Let me be absolutely clear: nobody wants uncontrolled migration. What people want is a comprehensive plan that is fair and works in the interests of our country. The announcement of family visas fails that benchmark. It had all the feel of a policy developed on the back of a fag packet, as we used to say. First, the Government announced that they were more than doubling the threshold to £38,700 by spring 2024. Within days they changed course and said there would be a phased approach starting at £29,000 in spring ’24, rising to £34,500 at an unspecified date later in ’24, and then £38,700. Only later, in response to a petition, did they confirm that the £38,700 would be delayed until early 2025.

Originally a spokesperson said the threshold would apply to visa extensions, but, thankfully, later contradicted that and confirmed that that would not be the case.
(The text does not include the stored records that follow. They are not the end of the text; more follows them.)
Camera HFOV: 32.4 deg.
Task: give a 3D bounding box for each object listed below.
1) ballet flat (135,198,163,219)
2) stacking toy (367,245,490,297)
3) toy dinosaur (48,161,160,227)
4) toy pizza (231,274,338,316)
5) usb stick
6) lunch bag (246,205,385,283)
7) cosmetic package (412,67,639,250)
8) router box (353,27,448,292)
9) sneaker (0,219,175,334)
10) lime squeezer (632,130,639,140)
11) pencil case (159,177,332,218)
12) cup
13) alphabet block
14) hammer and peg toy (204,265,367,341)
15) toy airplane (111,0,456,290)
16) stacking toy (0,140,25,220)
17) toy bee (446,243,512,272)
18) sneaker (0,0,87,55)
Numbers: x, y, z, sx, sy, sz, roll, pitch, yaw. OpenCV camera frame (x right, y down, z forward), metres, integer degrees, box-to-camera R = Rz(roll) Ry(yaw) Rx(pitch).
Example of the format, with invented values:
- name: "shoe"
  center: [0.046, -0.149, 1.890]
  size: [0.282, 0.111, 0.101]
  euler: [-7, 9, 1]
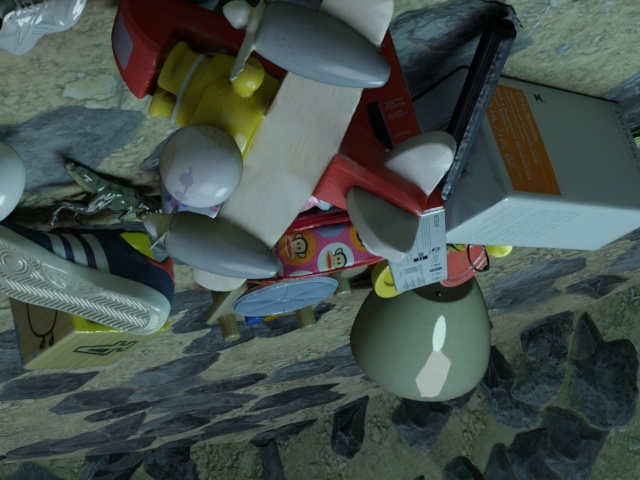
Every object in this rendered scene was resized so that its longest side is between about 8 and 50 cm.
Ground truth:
- name: "ballet flat"
  center: [-0.229, -0.043, 1.851]
  size: [0.173, 0.049, 0.057]
  euler: [-1, 156, -37]
- name: "stacking toy"
  center: [0.231, -0.034, 2.250]
  size: [0.309, 0.130, 0.279]
  euler: [-3, 132, -41]
- name: "toy dinosaur"
  center: [-0.350, -0.063, 1.690]
  size: [0.118, 0.064, 0.268]
  euler: [-25, 157, 16]
- name: "toy pizza"
  center: [-0.067, 0.095, 2.031]
  size: [0.201, 0.032, 0.201]
  euler: [-13, 163, -4]
- name: "usb stick"
  center: [0.212, -0.182, 1.570]
  size: [0.045, 0.077, 0.278]
  euler: [18, 116, -3]
- name: "lunch bag"
  center: [0.000, 0.000, 1.925]
  size: [0.258, 0.120, 0.293]
  euler: [-10, -176, -26]
- name: "cosmetic package"
  center: [0.352, -0.120, 1.817]
  size: [0.453, 0.230, 0.161]
  euler: [2, 154, -45]
- name: "router box"
  center: [0.092, -0.116, 1.500]
  size: [0.082, 0.301, 0.335]
  euler: [-16, 163, 3]
- name: "sneaker"
  center: [-0.396, 0.026, 1.759]
  size: [0.350, 0.148, 0.131]
  euler: [24, 135, -11]
- name: "lime squeezer"
  center: [0.691, -0.248, 2.030]
  size: [0.110, 0.059, 0.310]
  euler: [25, 148, -17]
- name: "pencil case"
  center: [-0.119, -0.075, 1.750]
  size: [0.273, 0.113, 0.124]
  euler: [-13, 177, -7]
- name: "cup"
  center: [0.247, 0.165, 2.512]
  size: [0.331, 0.331, 0.237]
  euler: [-9, 136, -19]
- name: "alphabet block"
  center: [-0.408, 0.105, 1.921]
  size: [0.193, 0.192, 0.197]
  euler: [-1, 156, -43]
- name: "hammer and peg toy"
  center: [-0.071, 0.078, 2.218]
  size: [0.266, 0.127, 0.361]
  euler: [-6, 157, -27]
- name: "toy airplane"
  center: [-0.055, -0.099, 1.193]
  size: [0.384, 0.386, 0.272]
  euler: [2, -152, 36]
- name: "stacking toy"
  center: [-0.591, 0.027, 1.490]
  size: [0.480, 0.350, 0.350]
  euler: [-36, 159, 5]
- name: "toy bee"
  center: [0.274, -0.045, 2.050]
  size: [0.162, 0.195, 0.298]
  euler: [-15, -177, 42]
- name: "sneaker"
  center: [-0.309, -0.247, 1.184]
  size: [0.152, 0.053, 0.061]
  euler: [-26, 156, 30]
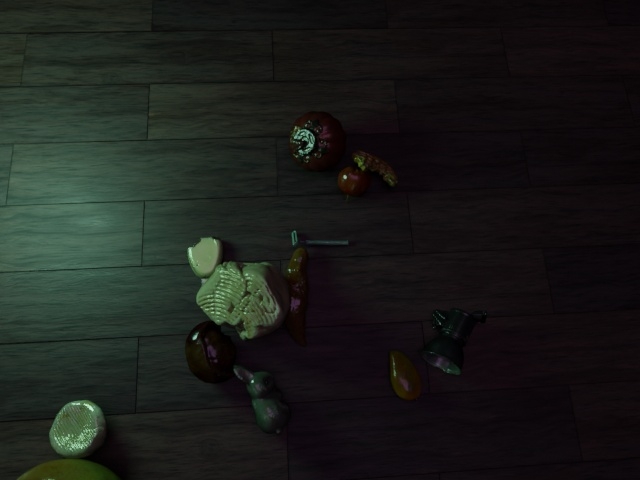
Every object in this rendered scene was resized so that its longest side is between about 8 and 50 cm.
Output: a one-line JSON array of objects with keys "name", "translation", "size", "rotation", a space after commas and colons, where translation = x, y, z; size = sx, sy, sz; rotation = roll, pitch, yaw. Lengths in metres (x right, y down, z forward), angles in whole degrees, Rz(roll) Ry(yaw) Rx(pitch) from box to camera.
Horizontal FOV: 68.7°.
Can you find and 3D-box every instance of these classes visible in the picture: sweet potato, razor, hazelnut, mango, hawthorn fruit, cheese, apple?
[{"name": "sweet potato", "translation": [-0.087, 0.192, 1.640], "size": [0.106, 0.095, 0.355], "rotation": [13, 72, -46]}, {"name": "razor", "translation": [-0.001, 0.006, 1.728], "size": [0.211, 0.036, 0.084], "rotation": [6, 31, -10]}, {"name": "hazelnut", "translation": [-0.360, 0.365, 1.536], "size": [0.160, 0.170, 0.202], "rotation": [-8, 99, -7]}, {"name": "mango", "translation": [0.288, 0.465, 1.608], "size": [0.101, 0.066, 0.188], "rotation": [-15, 67, -8]}, {"name": "hawthorn fruit", "translation": [0.124, -0.219, 1.755], "size": [0.125, 0.125, 0.140], "rotation": [20, 74, 2]}, {"name": "cheese", "translation": [-0.408, 0.112, 1.669], "size": [0.127, 0.050, 0.256], "rotation": [-4, 75, -5]}, {"name": "apple", "translation": [-0.714, 0.795, 1.311], "size": [0.304, 0.338, 0.339], "rotation": [-8, 75, 8]}]

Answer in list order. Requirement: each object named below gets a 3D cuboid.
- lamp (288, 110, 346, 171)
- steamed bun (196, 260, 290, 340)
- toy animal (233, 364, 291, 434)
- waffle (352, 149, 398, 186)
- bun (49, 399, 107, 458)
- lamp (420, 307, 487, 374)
[{"name": "lamp", "translation": [-0.016, -0.366, 1.739], "size": [0.226, 0.227, 0.227], "rotation": [1, 75, -3]}, {"name": "steamed bun", "translation": [-0.238, 0.192, 1.573], "size": [0.289, 0.203, 0.276], "rotation": [-30, 82, 24]}, {"name": "toy animal", "translation": [-0.187, 0.494, 1.511], "size": [0.125, 0.127, 0.251], "rotation": [-36, 103, -41]}, {"name": "waffle", "translation": [0.208, -0.279, 1.763], "size": [0.194, 0.051, 0.149], "rotation": [17, 31, -37]}, {"name": "bun", "translation": [-0.755, 0.598, 1.488], "size": [0.183, 0.102, 0.184], "rotation": [-3, 68, 6]}, {"name": "lamp", "translation": [0.456, 0.325, 1.628], "size": [0.172, 0.147, 0.227], "rotation": [20, 64, 26]}]
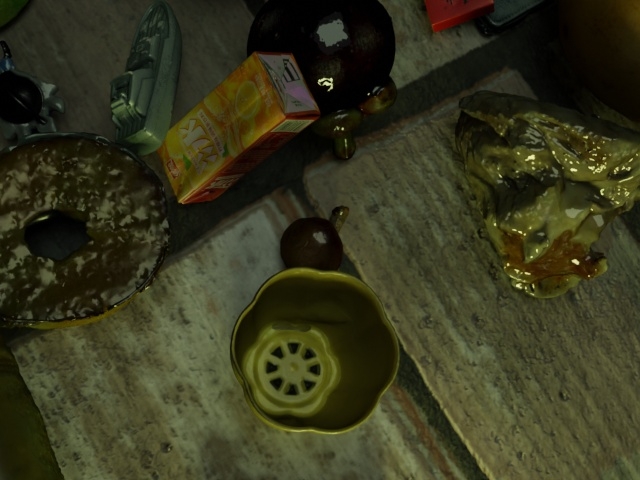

What is left from the original announcement remains a big change so, as required, the Home Office carried out an impact assessment. However, it has refused to publish it, which was highlighted by the recent House of Lords Scrutiny Committee report, presumably, as with previous Home Office impact assessments, because the results were not favourable to its arguments.

I will share the impact that my constituents have told me the policy would have on their marriages, family life and future. The first constituent to write to me was a charity worker and, as such, was willing to accept a low income, but his willingness to make that salary sacrifice would prevent him having the opportunity to settle here with his fiancée from Argentina. Another told me that he had met his Chinese girlfriend while studying at university. They had planned to start their graduate life together in the United Kingdom, but will now not be able to do so. A midwife told me that she cannot bring her husband over so they could start their family here.

One man wrote to me to say that he had recently got engaged to his partner in Qatar and planned to have a civil partnership here in the UK, but those plans were off. Others told me that they were considering dropping out of degrees to fund full-time employment to meet income requirements, and one told me of the devastating choice between leaving the UK or leaving the person they love.

Afzal Khan Portrait Afzal Khan (Manchester, Gorton) (Lab)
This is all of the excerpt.